The activation energies in the “One exponential Wa [eV]” column are determined from the original exponential transient. Energies have ascending values in contrast with the decreasing activation energies obtained after decomposition. We related these energy changes to repeated heating and cooling of the sample and the effects of the DC pulse. The activation energies processed after decomposition are not linearly related to the energies before decomposition. The process is more complicated. Based on this finding, the validity of using decomposition in the DLTS method is confirmed.

5 Conclusions

The aim of the work was to apply the DLTS method to study the defective properties of polymers from the point of view of the properties of the structure and use transient decomposition for a more precise analysis of the activation energies of defect states. It is well known that the DLTS method also allows the study of polarization. It is assumed that the major contribution to the obtained spectra is due to the defects, with a possible minor contribution from polarization.

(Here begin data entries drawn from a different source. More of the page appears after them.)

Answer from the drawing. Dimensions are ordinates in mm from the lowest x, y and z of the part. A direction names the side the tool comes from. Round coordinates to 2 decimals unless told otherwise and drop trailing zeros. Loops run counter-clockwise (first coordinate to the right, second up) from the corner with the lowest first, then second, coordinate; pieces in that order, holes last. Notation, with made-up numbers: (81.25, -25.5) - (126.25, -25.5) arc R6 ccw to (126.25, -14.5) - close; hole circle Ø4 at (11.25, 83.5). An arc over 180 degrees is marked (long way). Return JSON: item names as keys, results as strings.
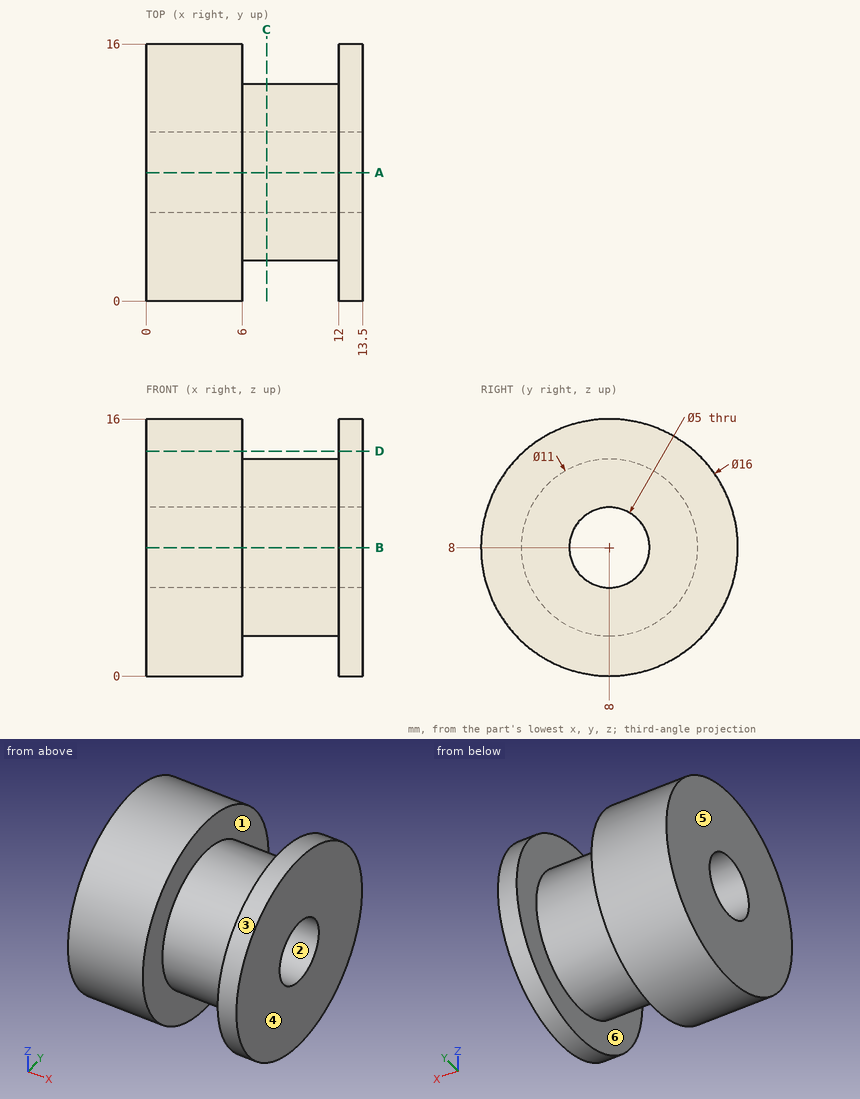
1) Flat-ended cylindrical pins translate along their axes: pin 1 (1.5 mm diameter, centred on x = 8.5, z = 2.5, fed in from -Y); pin 2 (6 mm diameter, centred on x = 8.5, z = 3, fed in from -Y); pin 3 (3 mm diameter, centred on x = 11.5, z = 4.5, fed in from +Y). Find the tip coordinate at first contact, or state that the pin passes through.
Verdict:
{"pin 1": "stops at y = 5.23", "pin 2": "stops at y = 0.73", "pin 3": "stops at y = 15.72"}
2) Find the intervals of material crossed by L1, parallel to Y at x = 4.5, z = 8; L2, parallel to Y at x = 8.25, z = 8; L3, parallel to X at y = 3.25, z = 13, in increasing order.
Verdict:
{"L1": "y = 0 to 5.5, 10.5 to 16", "L2": "y = 2.5 to 5.5, 10.5 to 13.5", "L3": "x = 0 to 6, 12 to 13.5"}
3) Determine the mould class of the marked faces 3, 4, 5 and 6 for opening direction X: pulls with the +X half, pulls with the -X half, needs draft (parallel to the pull), parting line crosses it, or undercut.
Verdict:
{"face 3": "needs draft", "face 4": "pulls with the +X half", "face 5": "pulls with the -X half", "face 6": "undercut"}
4) Section C-C (x = 7.5) is taken. Give the vertices of the cut face in (y, z), and give its area (3 significant figures).
Verdict:
{"outline": "circle Ø11 at (8, 8); hole circle Ø5 at (8, 8)", "area": "75.4 mm2"}
5) A tool of negligible diameter and unlimited length cuts with its end or side. For the marked faces 1 and 2, from which of +Z, -Z, +X, -X, +Y, -Y can it reach the whole face along a straight path? Write none if from no direction.
Verdict:
{"face 1": "none", "face 2": "+X, -X"}
6) Section A-A (y = 8) is taken. Give the vertices of the cut face in (x, z), and give its area (4 significant figures).
Verdict:
{"outline": "(0, 0) - (6, 0) - (6, 2.5) - (12, 2.5) - (12, 0) - (13.5, 0) - (13.5, 5.5) - (0, 5.5) - close; (0, 10.5) - (13.5, 10.5) - (13.5, 16) - (12, 16) - (12, 13.5) - (6, 13.5) - (6, 16) - (0, 16) - close", "area": "118.5 mm2"}
7) Section D-D (z = 14) is taken. Give the vertices of the cut face in (x, y), and give its area (3 significant figures).
Verdict:
{"outline": "(0, 2.71) - (6, 2.71) - (6, 13.29) - (0, 13.29) - close; (12, 2.71) - (13.5, 2.71) - (13.5, 13.29) - (12, 13.29) - close", "area": "79.4 mm2"}

Significant maxima (peaks) of the DLTS signal were observed at temperatures of 160 K, 260 K, and 360 K. It is possible to examine the general stability of the bonds and to determine the activation energies of their defects by monitoring the capture or emission of electrons in such defects. The decomposition of the transient signal allows an even more accurate determination of the properties of the defect states. In conclusion, the DLTS technique can contribute to a more comprehensive picture of the properties of the studied polymers. In the future, performing decomposition into multiple components may be suitable for defect studies that can be used to improve the electrical and mechanical properties during their fabrication.